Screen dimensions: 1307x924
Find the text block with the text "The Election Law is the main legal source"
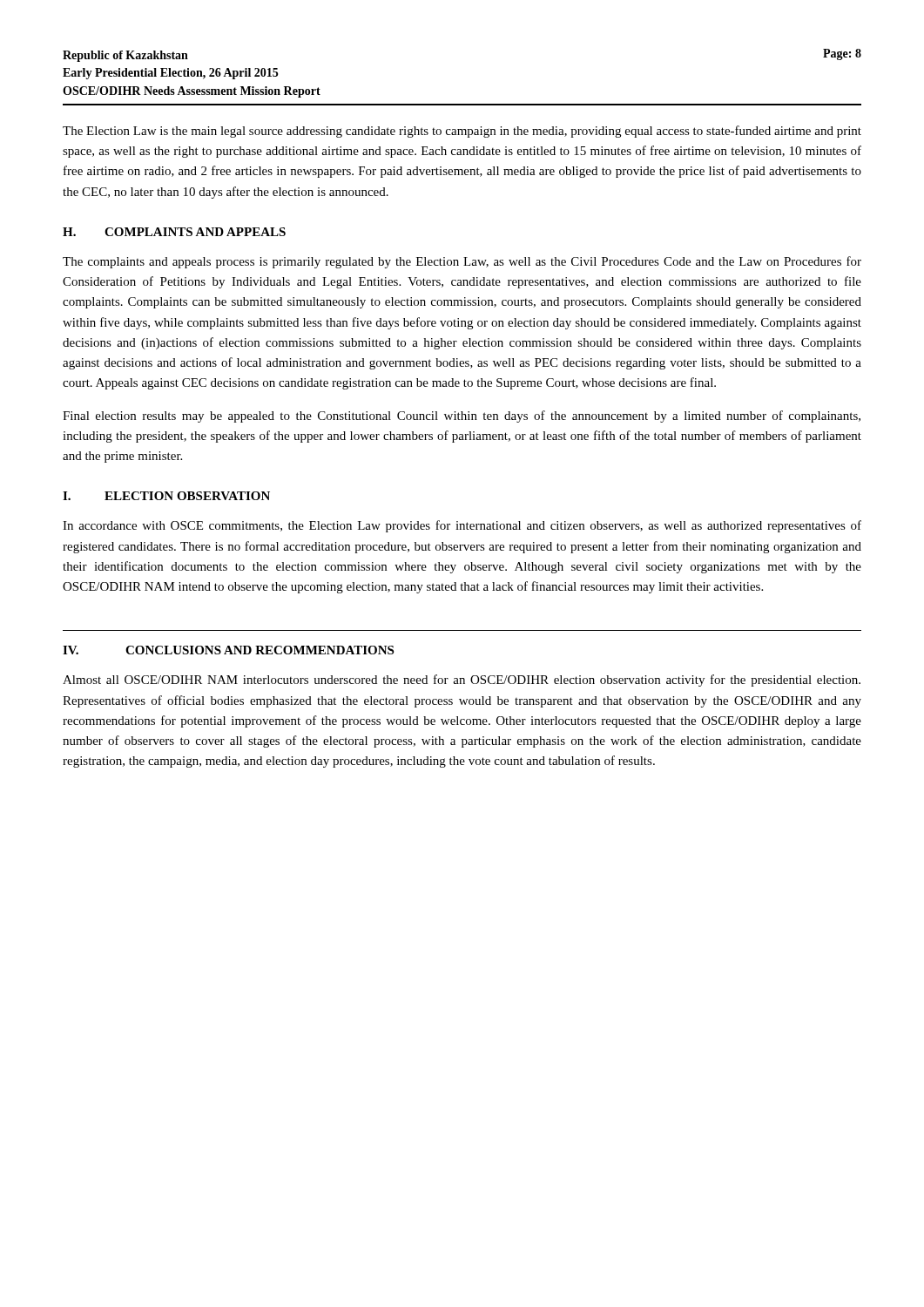(462, 161)
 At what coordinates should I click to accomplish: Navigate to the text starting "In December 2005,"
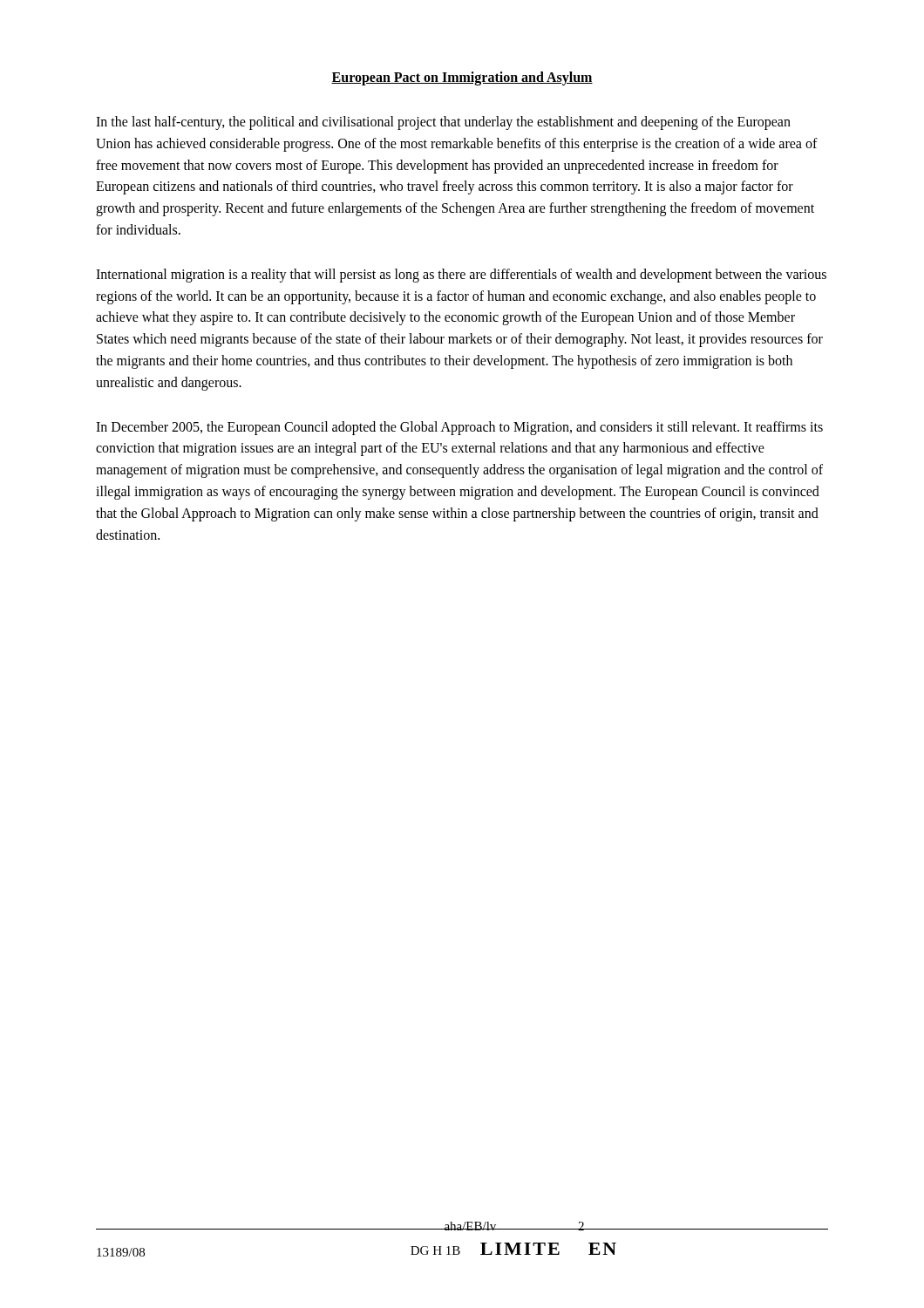[x=459, y=481]

= = = = =

[Requirement]
Set the material down exactly, images excluded.

[Your response]
Screen dimensions: 1307x924
Find the text block with the text "The Election Law is the main legal source"
(462, 161)
 At what coordinates should I click to accomplish: Navigate to the text starting "In December 2005,"
[x=459, y=481]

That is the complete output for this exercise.